Und falls sie heulen, weiß keiner wohin. "Eine Veröffentlichung einzelner Schutzraumadressen oder Besichtigungen der Anlagen ist aus Gründen der öffentlichen Sicherheit und des Eigentumsschutzes nicht möglich", teilt das BBK auf Anfrage mit.
Föderalismus wird beim Bevölkerungsschutz zum Problem
Zum strukturellen Problem wird auch einmal mehr der deutsche Föderalismus. Zuständigkeitsrechtlich ist alles sauber: Der Bund schützt im Verteidigungsfall die Zivilbevölkerung, die Länder verantworten den Katastrophenschutz, die Kommunen organisieren vor Ort. In der Praxis entsteht daraus ein Kompetenzdschungel.
Der Reserveoffizier und Bevölkerungsschutzexperte Björn Stahlhut sagt im Gespräch mit "Euronews", er könne "weder beim Zivil- noch beim Katastrophenschutz einen echten gemeinsamen Plan von Bund, Ländern, Gemeinden und Hilfsorganisationen erkennen" – und das, "wo wir eigentlich mit der Zeitenwende und dem Fokus auf das Jahr 2029 echt viel Druck auf dem System haben".
Auch sozialdemokratische Kommunalpolitiker fordern inzwischen mehr Klarheit. In einem Positionspapier heißt es, Ziel müsse eine "effiziente und klare Aufgabenverteilung" zwischen Bund und Ländern sein. Übersetzt heißt das: Die aktuelle Verteilung ist weder effizient noch klar.

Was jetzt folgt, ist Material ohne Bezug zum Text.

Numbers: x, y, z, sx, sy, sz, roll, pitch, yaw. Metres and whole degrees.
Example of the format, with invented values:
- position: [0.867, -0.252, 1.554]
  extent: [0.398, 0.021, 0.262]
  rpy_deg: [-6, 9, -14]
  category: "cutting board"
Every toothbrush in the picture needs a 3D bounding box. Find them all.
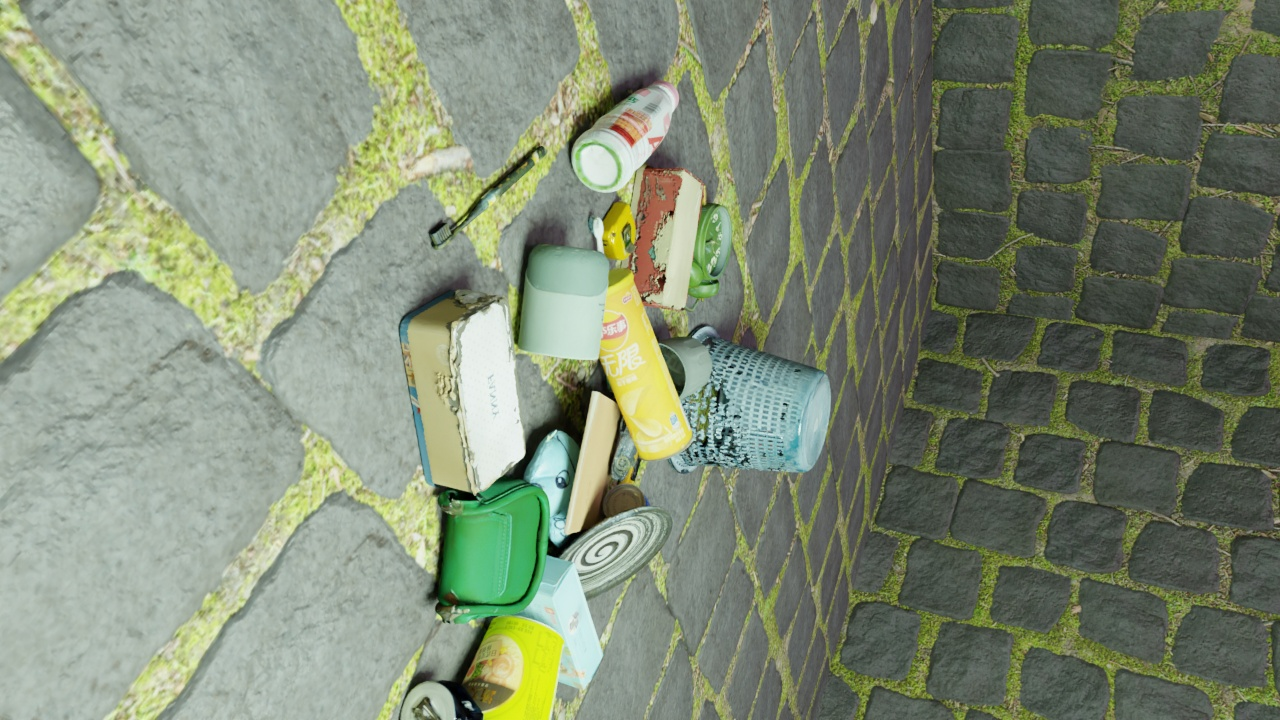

Im Schattenkrieg aus Cyberangriffen, Drohnenüberflügen und Sabotage – so beschreiben Sicherheitsbehörden die derzeitige Bedrohungslage – ist diese Unklarheit aber fatal. Wenn der Einschlag auf einmal keine Übung mehr sein sollte, braucht es keine Zuständigkeitsdebatte, sondern klare Befehlsketten.
Steigende Nachfrage bei Anbietern privater Bunker
Wo der Staat derartige Lücken lässt, springt inzwischen der Markt ein. Private Bunker werden zum Geschäftsmodell. Der Hersteller BSSD Defence bietet unterirdische Schutzräume ab rund 79.000 Euro an: 9,6 Quadratmeter, Panzertür, Trocken-WC. Die Nachfrage ist groß, 2025 meldet das Unternehmen, die Anfragen seien seit Jahresbeginn um 50 Prozent gestiegen. Mehr als die Hälfte der Interessenten seien Unternehmen und Vermieter, die auf ihrem Gelände oder für ihre Mieter Schutzräume wollen. Auch andere Anbieter sprechen von "dramatisch" steigender Nachfrage.
Deutschland rüstet damit nicht in Betonkolossen der öffentlichen Hand auf, sondern in kleinen, teuren Privatinseln im Vorgarten. Es entsteht eine Zwei-Klassen-Sicherheit: Wer Geld hat, kann sich eingraben. Wer keins hat, muss im Treppenhaus ausharren statt im Schutzraum.
Dieser Artikel entstand in Kooperation mit "Business Punk".